The length of all the edges of the rectangular parallelepiped is 332cm, its length is 5 times its width

The length of all the edges of the rectangular parallelepiped is 332cm, its length is 5 times its width, and its height is 6cm more than its length. Find the surface area and volume.

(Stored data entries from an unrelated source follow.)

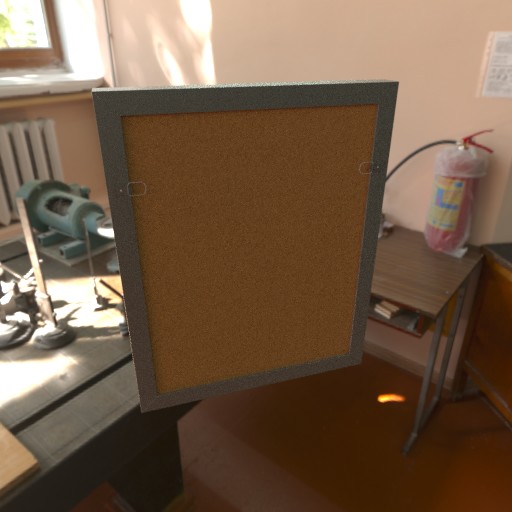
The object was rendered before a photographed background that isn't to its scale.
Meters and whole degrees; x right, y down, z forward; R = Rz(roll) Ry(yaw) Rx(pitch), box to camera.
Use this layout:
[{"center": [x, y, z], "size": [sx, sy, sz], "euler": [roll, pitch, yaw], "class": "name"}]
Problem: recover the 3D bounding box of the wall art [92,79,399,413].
[{"center": [0.000, 0.000, 0.523], "size": [0.308, 0.379, 0.030], "euler": [-8, 28, -16], "class": "wall art"}]

1) The length of all edges of a rectangular parallelepiped is determined by the formula:

L = 4 * (a + b + c).

We know that this value is 332 cm, and its length is 5 times its width, and its height is 6 cm longer than its length. Let’s make the equation:

4 * (5x + x + 5x + 6) = 332.

Let’s expand the brackets:

20x + 4x + 20x + 24 = 332. On the left side of the equation, we perform operations with the variable, and transfer the known number to the right, while changing the sign in front of it to the opposite:

44x = 332 – 24 = 308.

x = 308: 44 = 7 cm – width.

Length = 7 * 5 = 35 cm and height = 35 + 6 = 41 cm.

2) Let’s calculate the volume of this figure:

V = a * b * c = 7 * 35 * 41 = 10045 cm³.

3) Surface area:

S = 2 * (ab + bc + ac) = 2 * (7 * 35 + 35 * 41 + 7 * 41) = 2 * 1967 = 3934 cm².